Using sugar for fuel is not a new concept: Sugar in the form of glucose supplies the energy needs of all living things. While nature has figured out how to harness this energy efficiently, scientists only recently have learned how to unleash the energy-dense power of sugar to produce electricity, Minteer says.

A few other researchers also have developed fuel cell batteries that run on sugar, but Minteer claims that her version is the longest-lasting and most powerful of its type to date. As proof of concept, she has used a small prototype of the battery (about the size of a postage stamp) to successfully run a handheld calculator. If the battery continues to show promise during further testing and refinement, it could be ready for commercialization in three to five years, she estimates.
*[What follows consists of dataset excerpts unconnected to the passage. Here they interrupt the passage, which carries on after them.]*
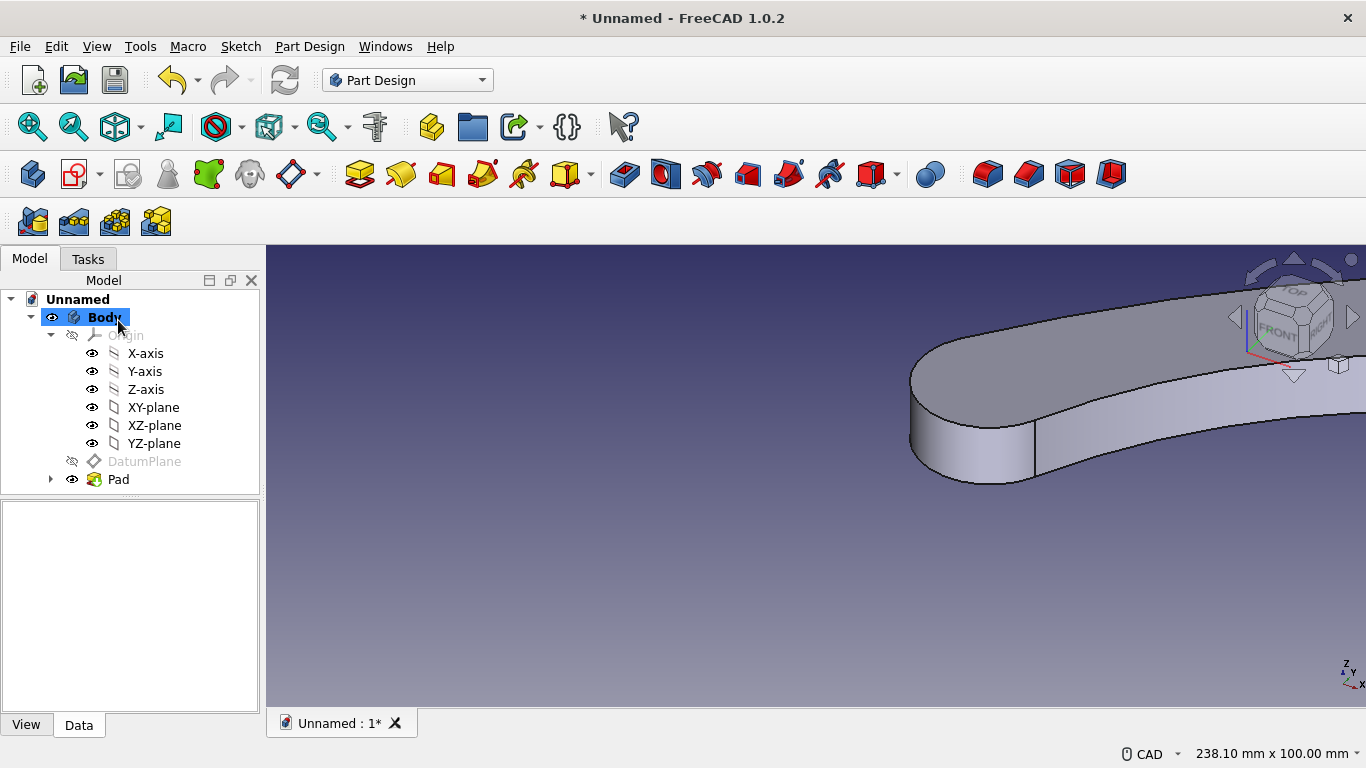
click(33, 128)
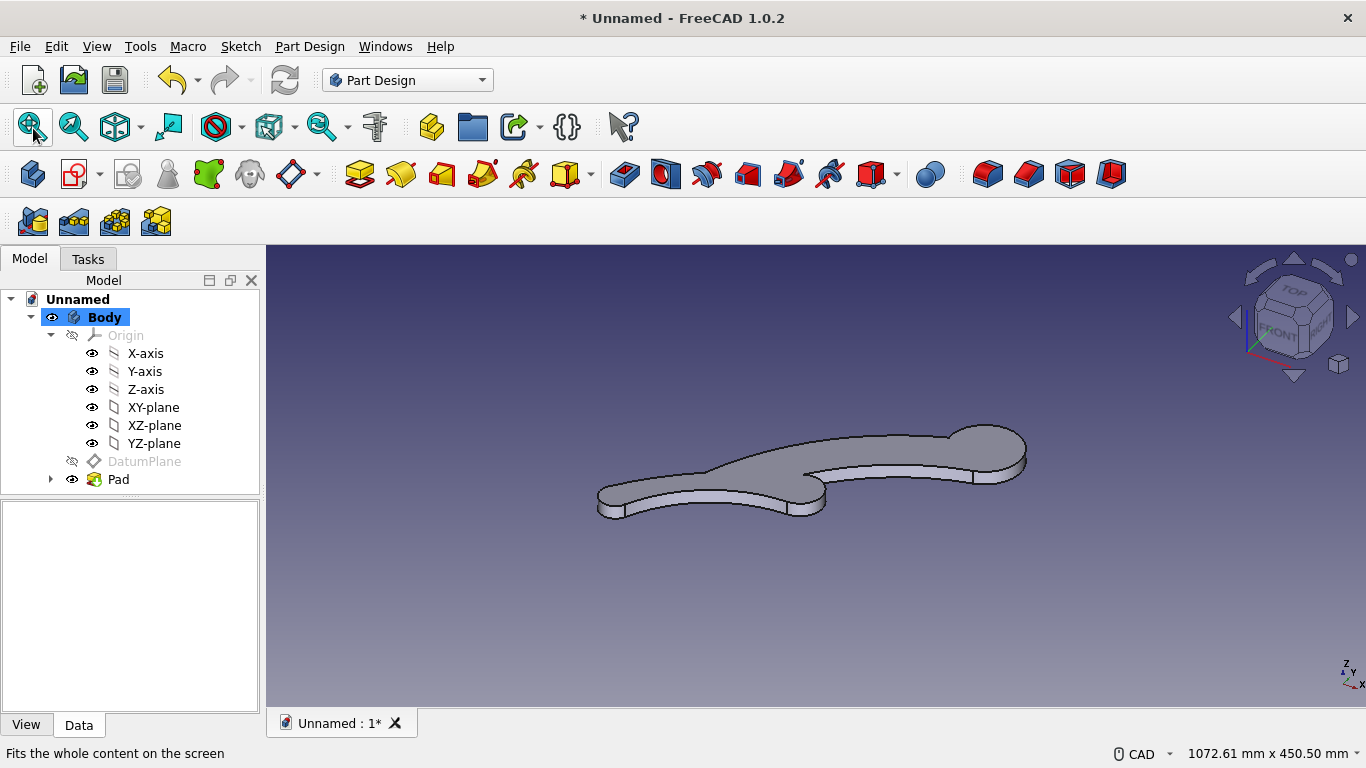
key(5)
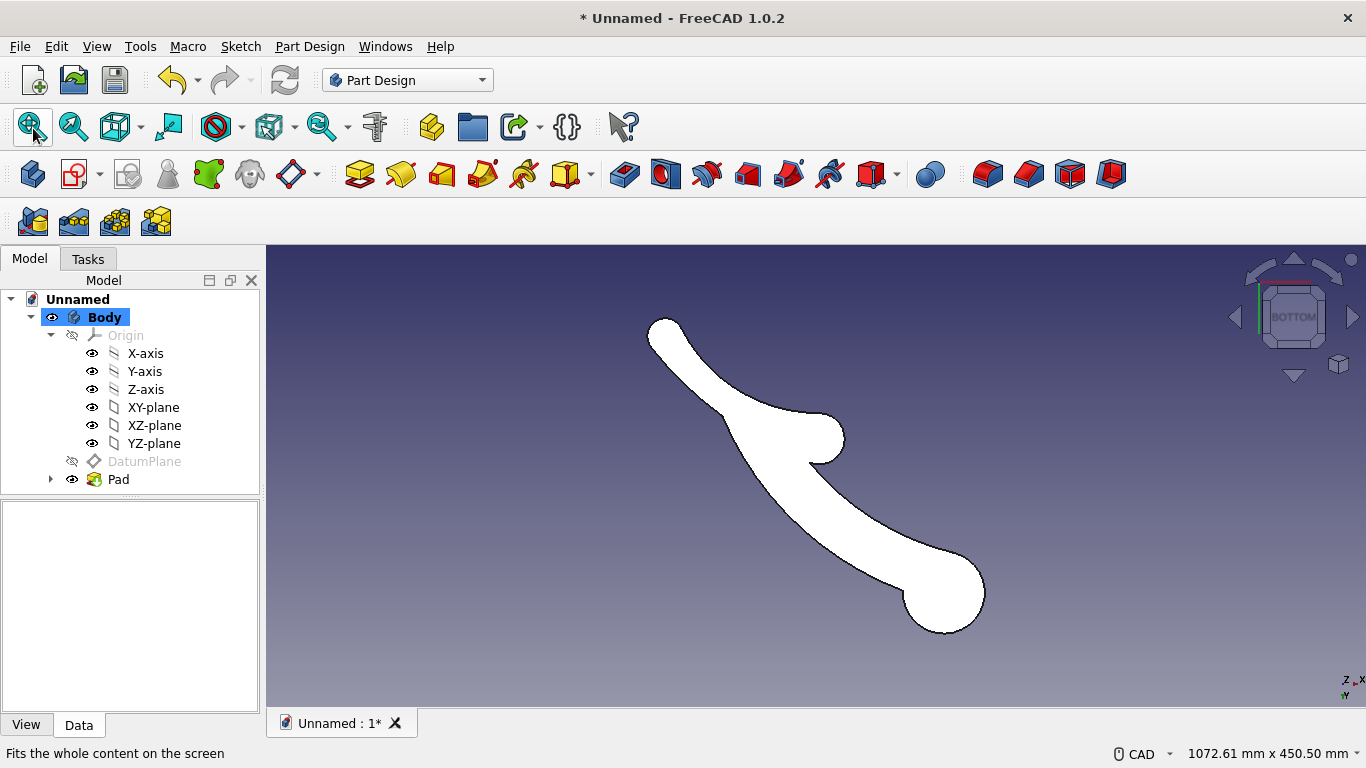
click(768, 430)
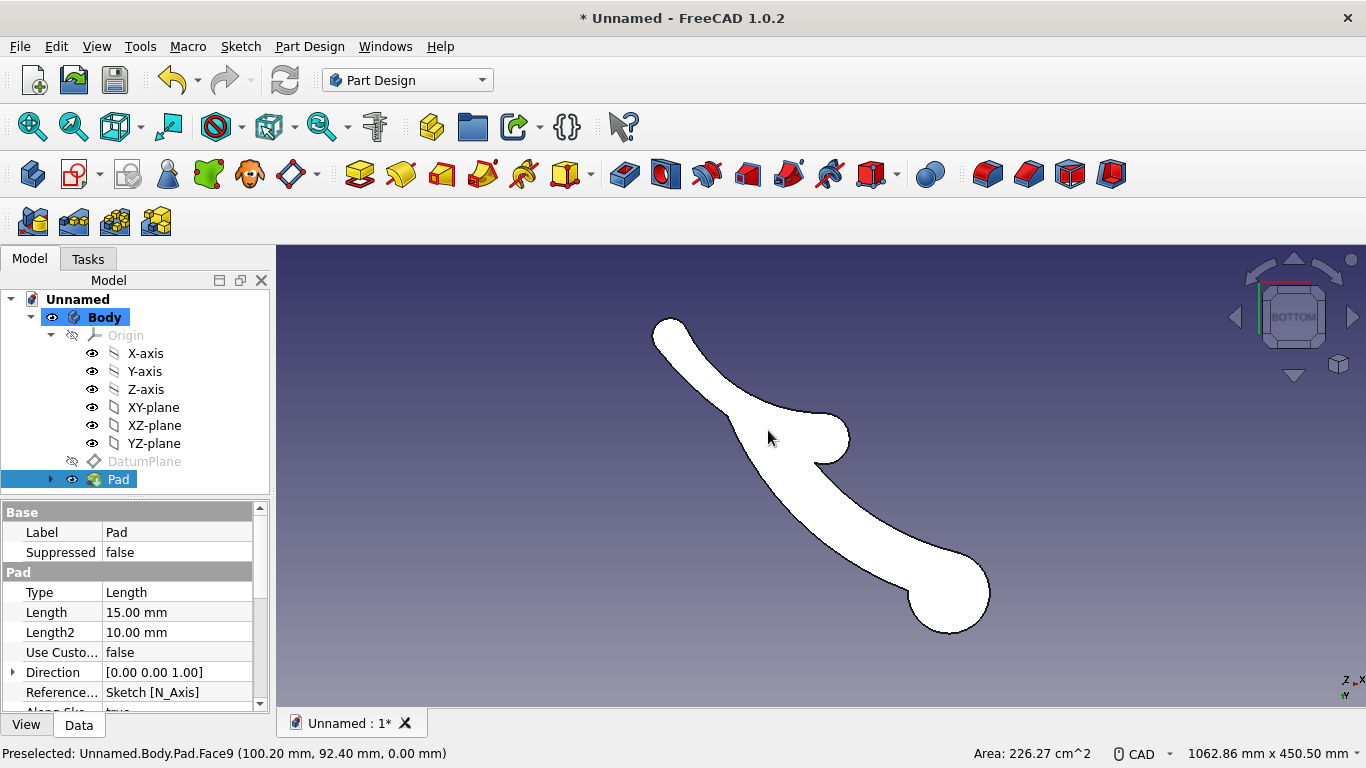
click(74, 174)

By removing the sugar to ethanol conversion step that ethanol powered engines need she must vastly improve the efficiency of the total process. In addition her fuel cell produces electricity rather than the heat/motion that ethanol engines make and hence the process can be used for more than just driving, although given that fuel cell cars are being prototyped it can be used for that too.

Assuming this scales up well and that the development gets proper funding (likely since the US military has taken interest in it), this could be the first step towards weaning humanity off fossil fuels. Although I am somewhat of a global warming skeptic I'm all in favour of weaning humanity from fossil fuels because it will remove the monetary prop for a large number of unpleasant regimes and it allows said fuels to be used only where they are the most appropriate, such as the manufacture of plastics.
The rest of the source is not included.